Inmost, a dark platform puzzler by Hidden Layer Games, was one that stood out at Rezzed 2019. The game at first seems to be in a somewhat similar vein to Limbo — an exploration of a haunting world, solving puzzles, and dying A LOT as you try to unravel each predicament. But you don’t need to play Inmost for long to realize its hidden depths, the cute pixel art style belying its untold mysteries. The demo began with a little girl locked in a room on a stormy night. You had to push and pull furniture to find an escape route, but once out of the room, it quickly becomes clear that something is wrong with the house. Spectres being to appear, and as the girl tries to escape, one bangs on the front door. The story then cuts to an entirely different character.

DARK MYSTERIES


When playing as the second character, the man, the gameplay was that of a puzzle-platformer, jumping and climbing, pushing and pulling objects, in the search for items to let you interact with the environment. The puzzles were good — a nice balance of difficulty for an initial introduction to the game. There were also a variety of weird NPCs, a man hiding in the attic, and a downtrodden boy who dropped his house-key into a well. As I walked past him, I unwittingly pushed him into the mud, and he dejectedly accepted that it was his fate to be stepped on. Inmost is haunting and fairly morbid, but it seems to find a way to inject humour into itself, almost appearing hilariously morbid at times. I’ll be interested to see whether this tone is cultivated as the game develops.

FLASHES


At one point while playing, there was a sudden flash, to the man, now old, putting on his clothes and going downstairs to leave the house, regretfully recounting his life. Just as with the little girl, these flash-backs and flash-forwards are wonderfully interesting. I love the way they are used so far, without a context of time, and with that age quality, it channels that generational curse aspect which is so effective in Lovecraftian games. It feels somewhat similar to Eternal Darkness (due to its links with a singular location). Even more than that, without the context of time, and with many playable characters split over the game, we don’t know which character is the protagonist, where the present lies, or how it might reveal itself. Inmost could pull off a coup de grace as powerful as Second Sight’s narrative conclusion. Which is cool, as since Second Sight I’ve never seen a game mess as effectively with a players sense of understood time.

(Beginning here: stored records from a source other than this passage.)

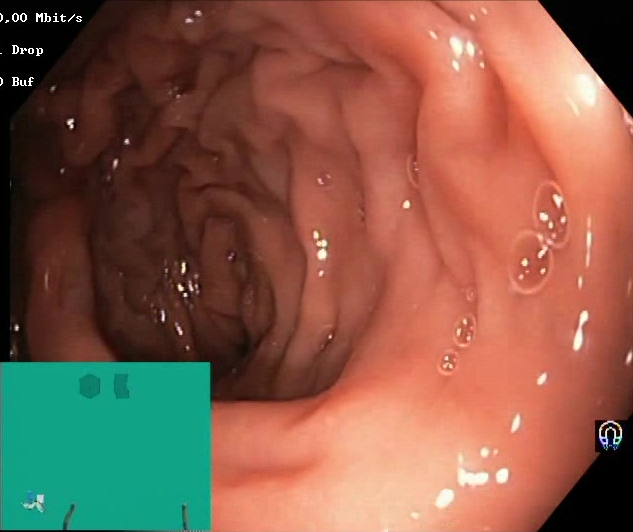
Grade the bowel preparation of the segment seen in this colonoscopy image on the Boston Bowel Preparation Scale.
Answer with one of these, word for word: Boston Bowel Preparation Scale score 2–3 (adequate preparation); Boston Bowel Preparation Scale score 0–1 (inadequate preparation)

Boston Bowel Preparation Scale score 2–3 (adequate preparation)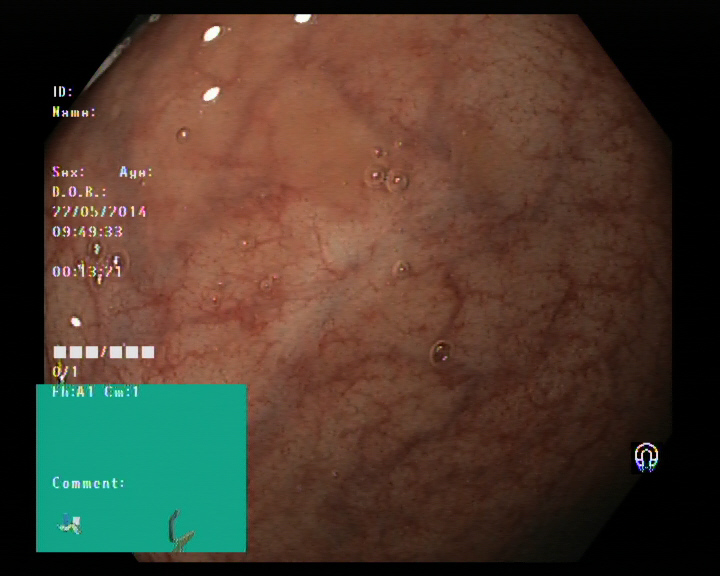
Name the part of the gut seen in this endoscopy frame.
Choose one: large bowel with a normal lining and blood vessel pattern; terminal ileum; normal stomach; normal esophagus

large bowel with a normal lining and blood vessel pattern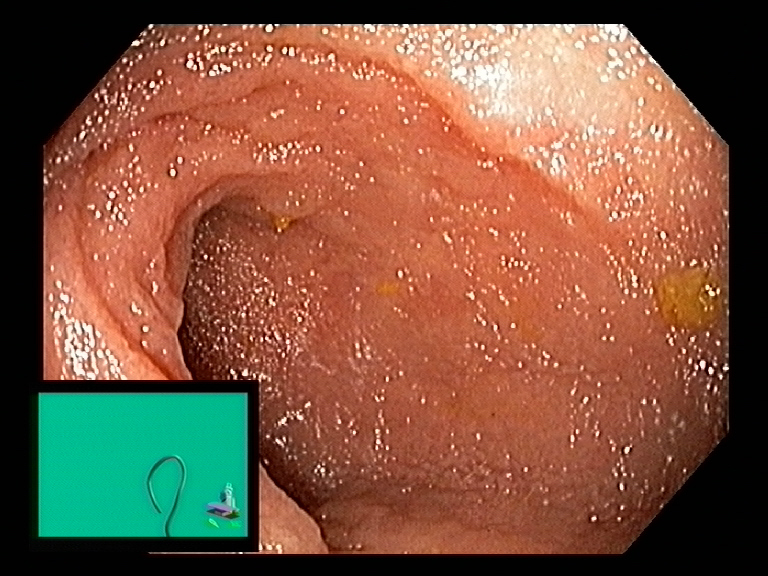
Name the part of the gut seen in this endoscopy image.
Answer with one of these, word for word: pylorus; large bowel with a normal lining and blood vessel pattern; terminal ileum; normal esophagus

terminal ileum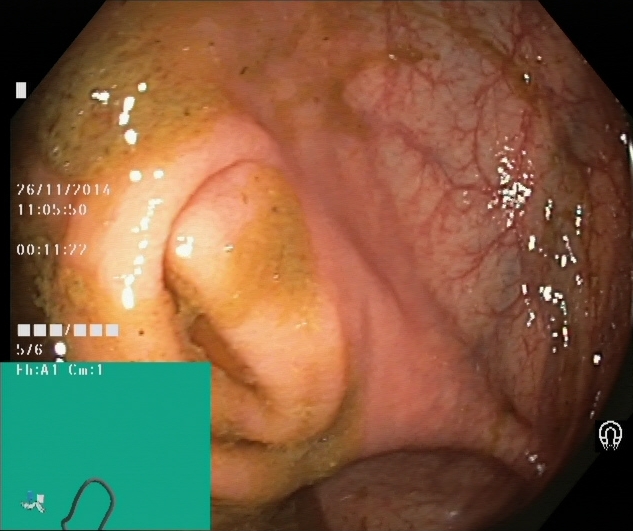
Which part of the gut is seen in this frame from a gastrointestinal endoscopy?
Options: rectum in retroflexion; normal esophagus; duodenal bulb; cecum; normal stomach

cecum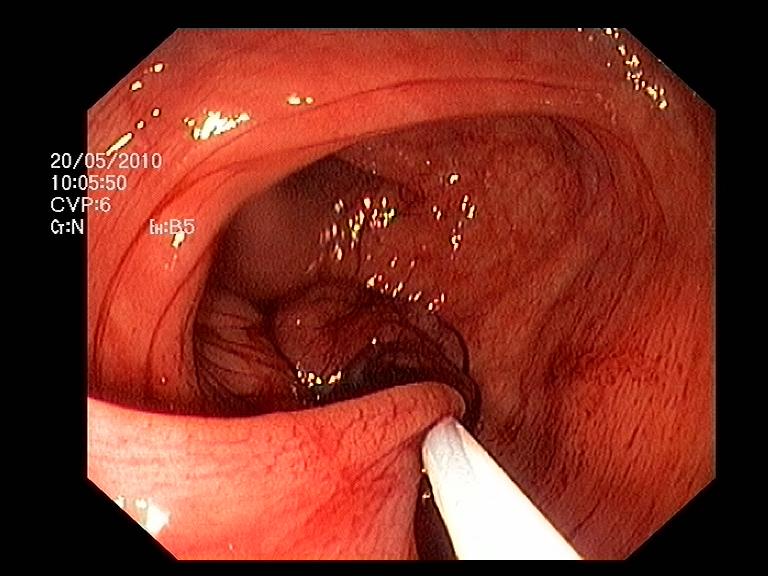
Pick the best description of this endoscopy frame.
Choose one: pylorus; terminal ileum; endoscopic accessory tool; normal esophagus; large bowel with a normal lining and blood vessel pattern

endoscopic accessory tool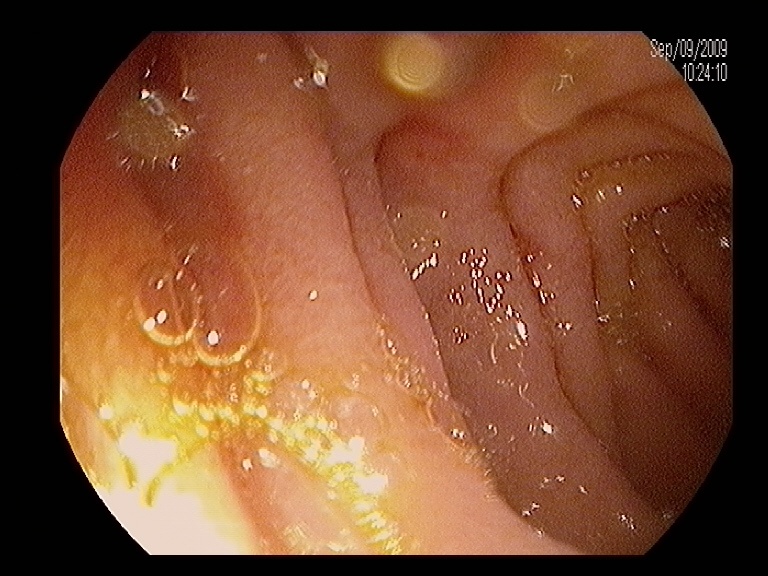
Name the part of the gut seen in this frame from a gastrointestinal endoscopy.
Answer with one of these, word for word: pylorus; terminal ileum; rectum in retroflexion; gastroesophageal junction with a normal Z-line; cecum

terminal ileum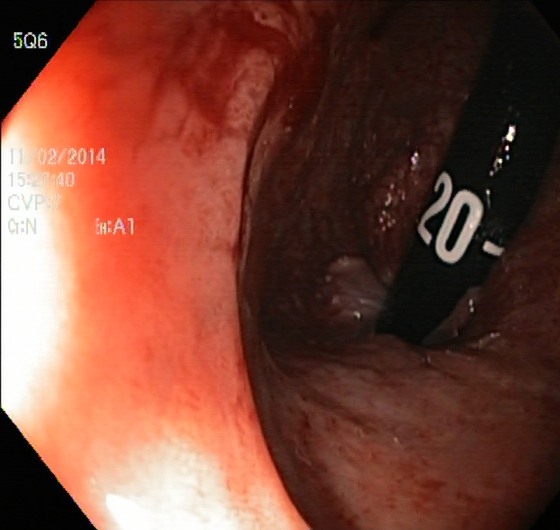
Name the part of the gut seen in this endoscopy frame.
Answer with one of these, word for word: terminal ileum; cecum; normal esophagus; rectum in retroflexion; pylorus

rectum in retroflexion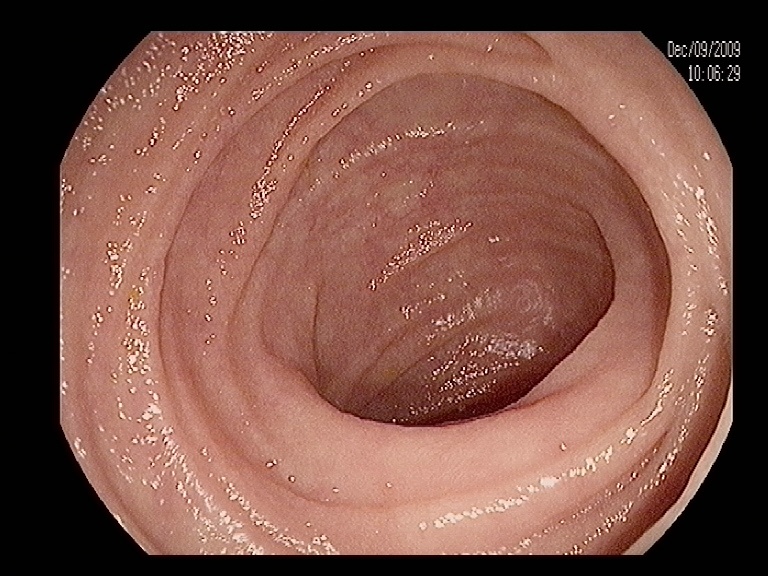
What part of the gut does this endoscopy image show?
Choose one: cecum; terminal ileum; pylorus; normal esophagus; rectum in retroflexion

terminal ileum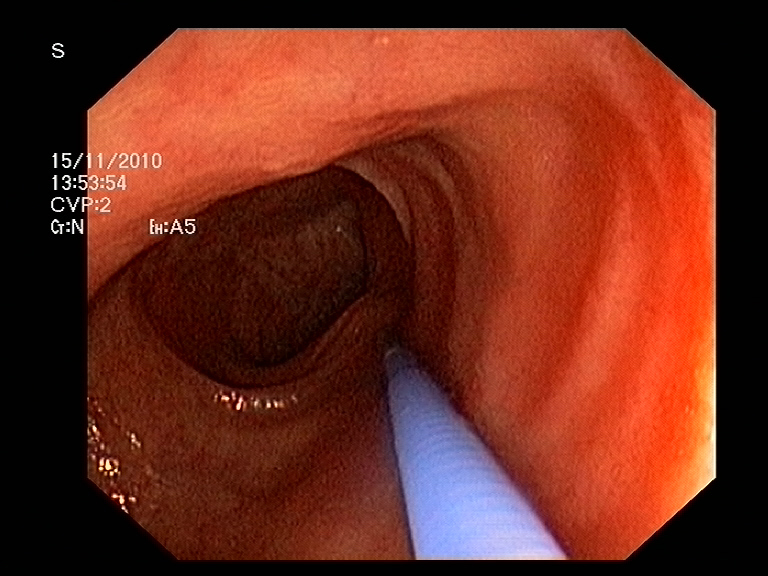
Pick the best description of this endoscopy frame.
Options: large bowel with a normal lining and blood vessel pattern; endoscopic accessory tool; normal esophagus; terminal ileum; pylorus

endoscopic accessory tool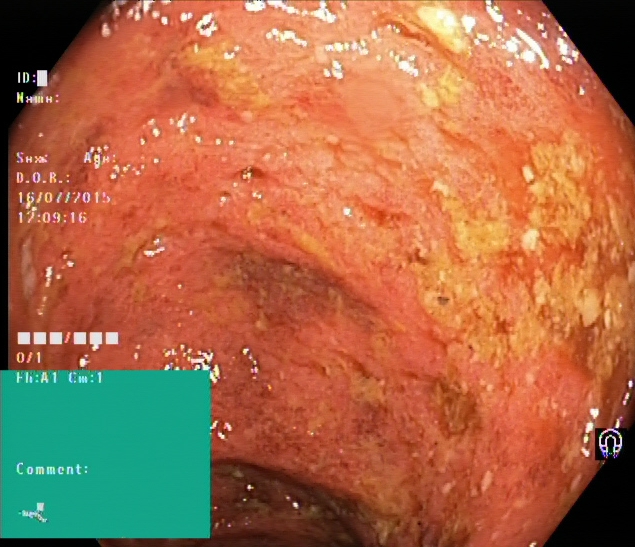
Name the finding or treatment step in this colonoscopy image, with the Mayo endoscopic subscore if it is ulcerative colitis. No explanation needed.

ulcerative colitis, Mayo endoscopic subscore 2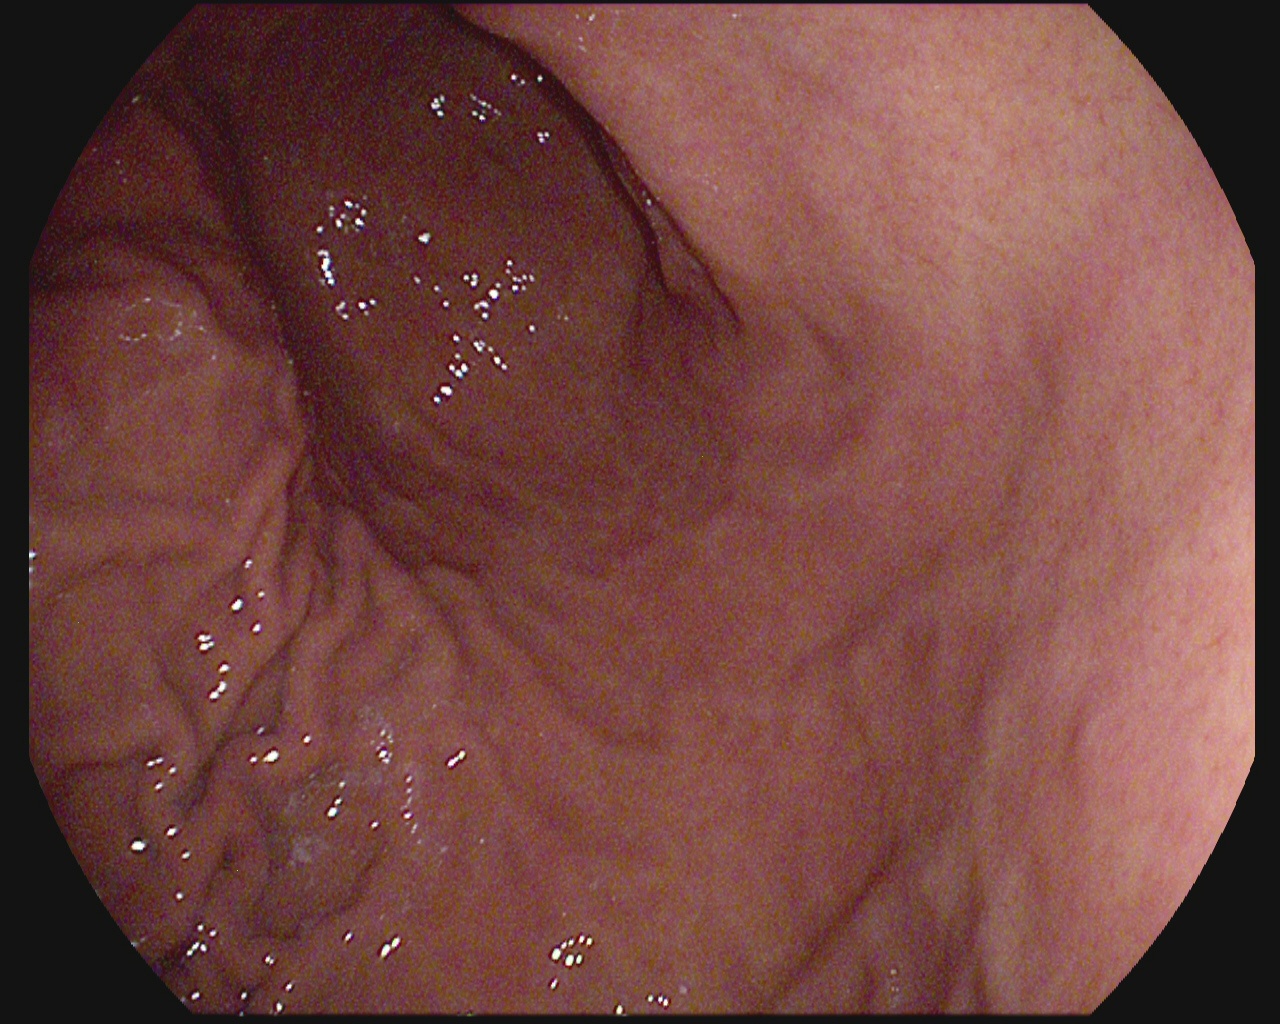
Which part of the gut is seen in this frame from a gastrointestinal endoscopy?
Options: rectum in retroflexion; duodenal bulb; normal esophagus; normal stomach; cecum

normal stomach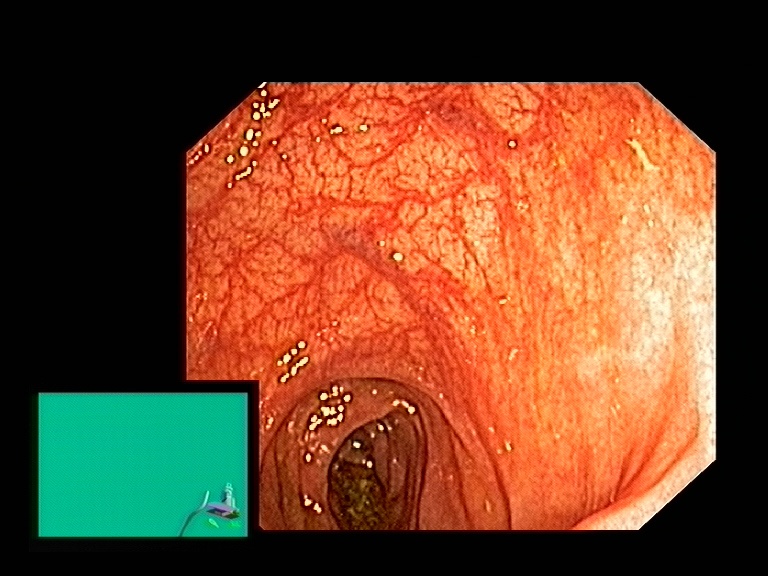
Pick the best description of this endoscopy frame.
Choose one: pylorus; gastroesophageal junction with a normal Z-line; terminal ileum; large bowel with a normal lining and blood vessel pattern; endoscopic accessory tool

large bowel with a normal lining and blood vessel pattern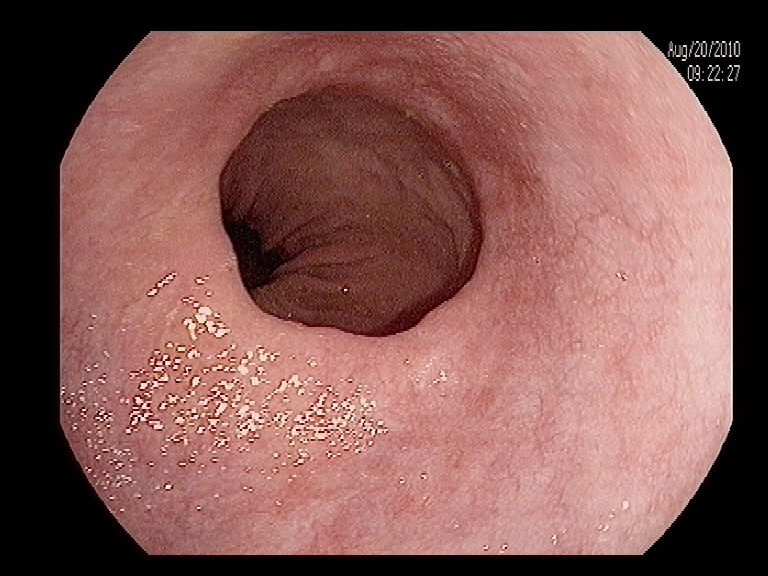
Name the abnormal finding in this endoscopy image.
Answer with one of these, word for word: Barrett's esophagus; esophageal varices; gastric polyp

Barrett's esophagus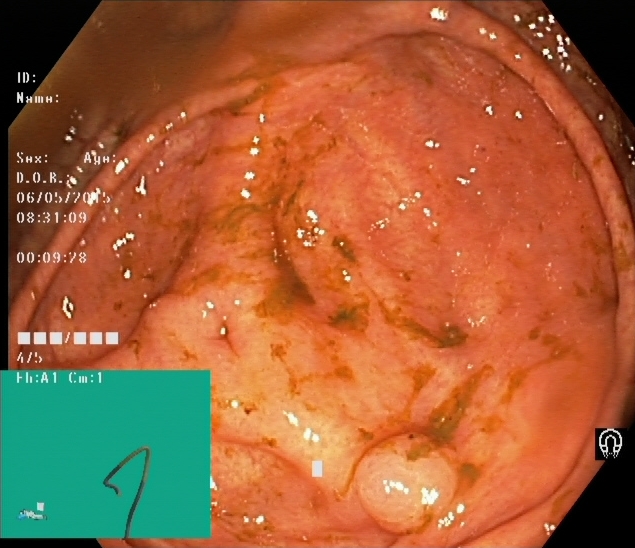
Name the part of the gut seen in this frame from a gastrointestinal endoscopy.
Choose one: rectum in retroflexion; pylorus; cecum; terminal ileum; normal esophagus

cecum

All of these pieces come together to create a really unique-feeling platformer — dark and satisfying puzzles like Limbo, yet far more interesting tonally, with huge narrative potential, tapping into that generational quality of Lovecraft. I love it when platformers show they can do anything non-platformers can, just like how Hollow Knight basically created a metroidvania successfully fulfilling so many aspects of the souls series. That I suspect is one of the many reasons Hollow Knight became as hugely popular as it has. It is also the reason I think, that if Inmost can continue to accomplish the same, it will prove to be just as successful.